WHAT IS REQUIRED:
Your answer should be the lines of the material that include the word "high".
########
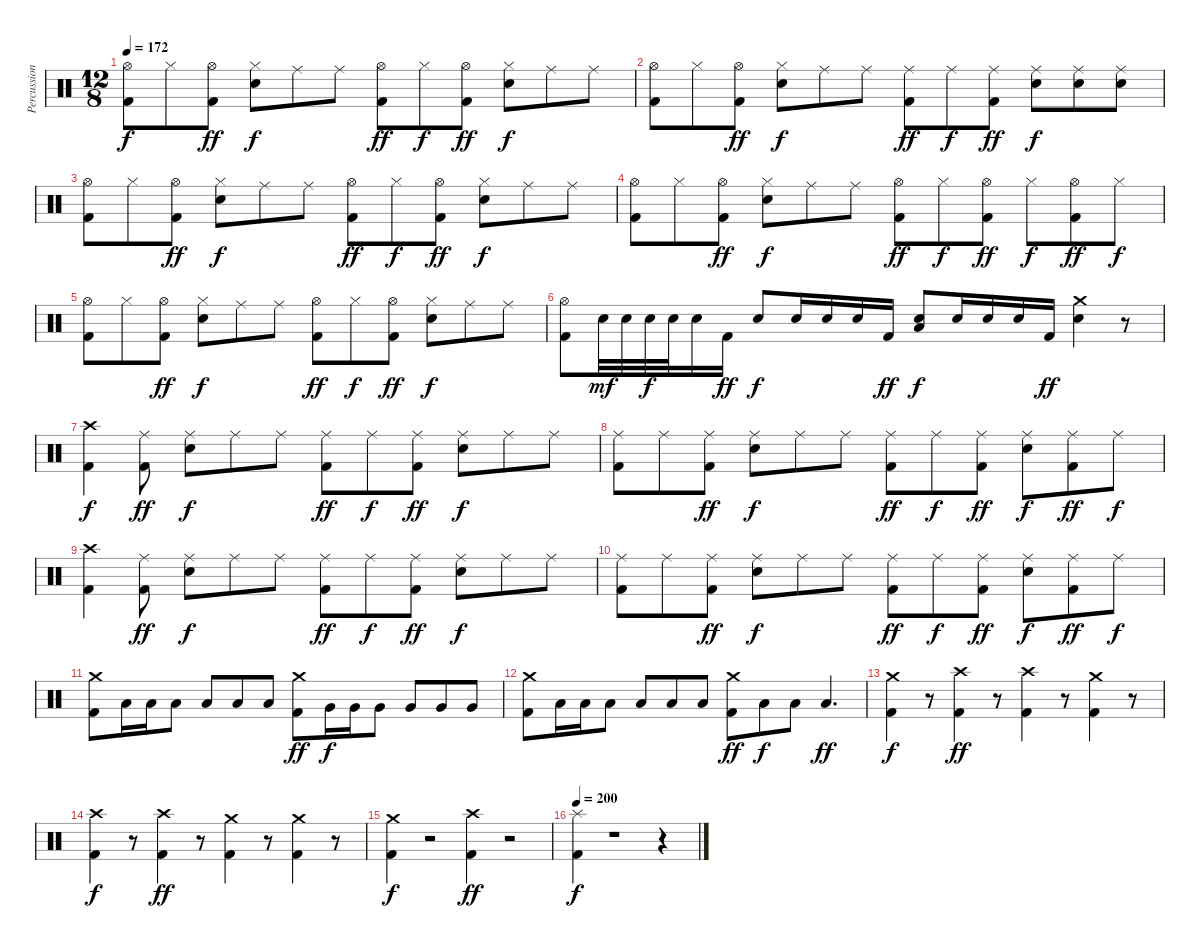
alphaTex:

\track ("Percussion" "Percussion") {instrument percussion}
\staff {score}
\articulation defaults
\ts (12 8)
\tempo 172
\clef neutral
\ks c
("Kick (hit) 2" "Hi-Hat (open)").8{dy f} "Hi-Hat (closed)".8 ("Kick (hit) 2" "Hi-Hat (open)").8{dy ff} ("Snare (hit) 2" "Hi-Hat (closed)").8{dy f} "Ride (middle)".8 "Ride (middle)".8 ("Kick (hit) 2" "Hi-Hat (open)").8{dy ff} "Hi-Hat (closed)".8{dy f} ("Kick (hit) 2" "Hi-Hat (open)").8{dy ff} ("Snare (hit) 2" "Hi-Hat (closed)").8{dy f} "Ride (middle)".8 "Ride (middle)".8 |
("Kick (hit) 2" "Hi-Hat (open)").8 "Hi-Hat (closed)".8 ("Kick (hit) 2" "Hi-Hat (open)").8{dy ff} ("Snare (hit) 2" "Hi-Hat (closed)").8{dy f} "Ride (middle)".8 "Ride (middle)".8 ("Kick (hit) 2" "Ride (middle)").8{dy ff} "Ride (middle)".8{dy f} ("Kick (hit) 2" "Ride (middle)").8{dy ff} ("Snare (hit) 2" "Ride (middle)").8{dy f} ("Snare (hit) 2" "Ride (middle)").8 ("Snare (hit) 2" "Ride (middle)").8 |
("Kick (hit) 2" "Hi-Hat (open)").8 "Hi-Hat (closed)".8 ("Kick (hit) 2" "Hi-Hat (open)").8{dy ff} ("Snare (hit) 2" "Hi-Hat (closed)").8{dy f} "Ride (middle)".8 "Ride (middle)".8 ("Kick (hit) 2" "Hi-Hat (open)").8{dy ff} "Hi-Hat (closed)".8{dy f} ("Kick (hit) 2" "Hi-Hat (open)").8{dy ff} ("Snare (hit) 2" "Hi-Hat (closed)").8{dy f} "Ride (middle)".8 "Ride (middle)".8 |
("Kick (hit) 2" "Hi-Hat (open)").8 "Hi-Hat (closed)".8 ("Kick (hit) 2" "Hi-Hat (open)").8{dy ff} ("Snare (hit) 2" "Hi-Hat (closed)").8{dy f} "Ride (middle)".8 "Ride (middle)".8 ("Kick (hit) 2" "Hi-Hat (open)").8{dy ff} "Hi-Hat (closed)".8{dy f} ("Kick (hit) 2" "Hi-Hat (open)").8{dy ff} "Hi-Hat (closed)".8{dy f} ("Kick (hit) 2" "Hi-Hat (open)").8{dy ff} "Hi-Hat (closed)".8{dy f} |
("Kick (hit) 2" "Hi-Hat (open)").8 "Hi-Hat (closed)".8 ("Kick (hit) 2" "Hi-Hat (open)").8{dy ff} ("Snare (hit) 2" "Hi-Hat (closed)").8{dy f} "Ride (middle)".8 "Ride (middle)".8 ("Kick (hit) 2" "Hi-Hat (open)").8{dy ff} "Hi-Hat (closed)".8{dy f} ("Kick (hit) 2" "Hi-Hat (open)").8{dy ff} ("Snare (hit) 2" "Hi-Hat (closed)").8{dy f} "Ride (middle)".8 "Ride (middle)".8 |
("Kick (hit) 2" "Hi-Hat (open)").8 "Snare (hit) 2".32{dy mf} "Snare (hit) 2".32 "Snare (hit) 2".32{dy f} "Snare (hit) 2".32 "Snare (hit) 2".16 "Kick (hit) 2".16{dy ff} "Snare (hit) 2".8{dy f} "Snare (hit) 2".16 "Snare (hit) 2".16 "Snare (hit) 2".16 "Kick (hit) 2".16{dy ff} ("Snare (hit) 2" "Low Tom (hit)").8{dy f} "Snare (hit) 2".16 "Snare (hit) 2".16 "Snare (hit) 2".16 "Kick (hit) 2".16{dy ff} ("Snare (hit) 2" "Crash medium (hit)").4 r.8 |
("Kick (hit) 2" "Crash high (hit)").4{dy f} ("Kick (hit) 2" "Ride (middle)").8{dy ff} ("Snare (hit) 2" "Ride (middle)").8{dy f} "Ride (middle)".8 "Ride (middle)".8 ("Kick (hit) 2" "Ride (middle)").8{dy ff} "Ride (middle)".8{dy f} ("Kick (hit) 2" "Ride (middle)").8{dy ff} ("Snare (hit) 2" "Ride (middle)").8{dy f} "Ride (middle)".8 "Ride (middle)".8 |
("Kick (hit) 2" "Ride (middle)").8 "Ride (middle)".8 ("Kick (hit) 2" "Ride (middle)").8{dy ff} ("Snare (hit) 2" "Ride (middle)").8{dy f} "Ride (middle)".8 "Ride (middle)".8 ("Kick (hit) 2" "Ride (middle)").8{dy ff} "Ride (middle)".8{dy f} ("Kick (hit) 2" "Ride (middle)").8{dy ff} ("Snare (hit) 2" "Ride (middle)").8{dy f} ("Kick (hit) 2" "Ride (middle)").8{dy ff} "Ride (middle)".8{dy f} |
("Kick (hit) 2" "Crash high (hit)").4 ("Kick (hit) 2" "Ride (middle)").8{dy ff} ("Snare (hit) 2" "Ride (middle)").8{dy f} "Ride (middle)".8 "Ride (middle)".8 ("Kick (hit) 2" "Ride (middle)").8{dy ff} "Ride (middle)".8{dy f} ("Kick (hit) 2" "Ride (middle)").8{dy ff} ("Snare (hit) 2" "Ride (middle)").8{dy f} "Ride (middle)".8 "Ride (middle)".8 |
("Kick (hit) 2" "Ride (middle)").8 "Ride (middle)".8 ("Kick (hit) 2" "Ride (middle)").8{dy ff} ("Snare (hit) 2" "Ride (middle)").8{dy f} "Ride (middle)".8 "Ride (middle)".8 ("Kick (hit) 2" "Ride (middle)").8{dy ff} "Ride (middle)".8{dy f} ("Kick (hit) 2" "Ride (middle)").8{dy ff} ("Snare (hit) 2" "Ride (middle)").8{dy f} ("Kick (hit) 2" "Ride (middle)").8{dy ff} "Ride (middle)".8{dy f} |
("Kick (hit) 2" "Crash medium (hit)").8 "Low Tom (hit)".16 "Low Tom (hit)".16 "Low Tom (hit)".8 "Low Tom (hit)".8 "Low Tom (hit)".8 "Low Tom (hit)".8 ("Kick (hit) 2" "Crash medium (hit)").8{dy ff} "Very Low Tom (hit)".16{dy f} "Very Low Tom (hit)".16 "Very Low Tom (hit)".8 "Very Low Tom (hit)".8 "Very Low Tom (hit)".8 "Very Low Tom (hit)".8 |
("Kick (hit) 2" "Crash medium (hit)").8 "Low Floor Tom (hit)".16 "Low Floor Tom (hit)".16 "Low Floor Tom (hit)".8 "Low Floor Tom (hit)".8 "Low Floor Tom (hit)".8 "Low Floor Tom (hit)".8 ("Kick (hit) 2" "Crash medium (hit)").8{dy ff} "Low Floor Tom (hit)".8{dy f} "Low Floor Tom (hit)".8 "Low Floor Tom (hit)".4{d dy ff} |
("Kick (hit) 2" "Crash medium (hit)").4{dy f} r.8 ("Kick (hit) 2" "Crash high (hit)").4{dy ff} r.8 ("Kick (hit) 2" "Crash high (hit)").4 r.8 ("Kick (hit) 2" "Crash medium (hit)").4 r.8 |
("Kick (hit) 2" "Crash high (hit)").4{dy f} r.8 ("Kick (hit) 2" "Crash high (hit)").4{dy ff} r.8 ("Kick (hit) 2" "Crash medium (hit)").4 r.8 ("Kick (hit) 2" "Crash medium (hit)").4 r.8 |
("Kick (hit) 2" "Crash medium (hit)").4{dy f} r.2 ("Kick (hit) 2" "Crash high (hit)").4{dy ff} r.2 |
\tempo 200
("Kick (hit) 2" "Splash (hit)").4{dy f} r.1 r.4
########
SOLUTION:
("Kick (hit) 2" "Crash high (hit)").4{dy f} ("Kick (hit) 2" "Ride (middle)").8{dy ff} ("Snare (hit) 2" "Ride (middle)").8{dy f} "Ride (middle)".8 "Ride (middle)".8 ("Kick (hit) 2" "Ride (middle)").8{dy ff} "Ride (middle)".8{dy f} ("Kick (hit) 2" "Ride (middle)").8{dy ff} ("Snare (hit) 2" "Ride (middle)").8{dy f} "Ride (middle)".8 "Ride (middle)".8 |
("Kick (hit) 2" "Crash high (hit)").4 ("Kick (hit) 2" "Ride (middle)").8{dy ff} ("Snare (hit) 2" "Ride (middle)").8{dy f} "Ride (middle)".8 "Ride (middle)".8 ("Kick (hit) 2" "Ride (middle)").8{dy ff} "Ride (middle)".8{dy f} ("Kick (hit) 2" "Ride (middle)").8{dy ff} ("Snare (hit) 2" "Ride (middle)").8{dy f} "Ride (middle)".8 "Ride (middle)".8 |
("Kick (hit) 2" "Crash medium (hit)").4{dy f} r.8 ("Kick (hit) 2" "Crash high (hit)").4{dy ff} r.8 ("Kick (hit) 2" "Crash high (hit)").4 r.8 ("Kick (hit) 2" "Crash medium (hit)").4 r.8 |
("Kick (hit) 2" "Crash high (hit)").4{dy f} r.8 ("Kick (hit) 2" "Crash high (hit)").4{dy ff} r.8 ("Kick (hit) 2" "Crash medium (hit)").4 r.8 ("Kick (hit) 2" "Crash medium (hit)").4 r.8 |
("Kick (hit) 2" "Crash medium (hit)").4{dy f} r.2 ("Kick (hit) 2" "Crash high (hit)").4{dy ff} r.2 |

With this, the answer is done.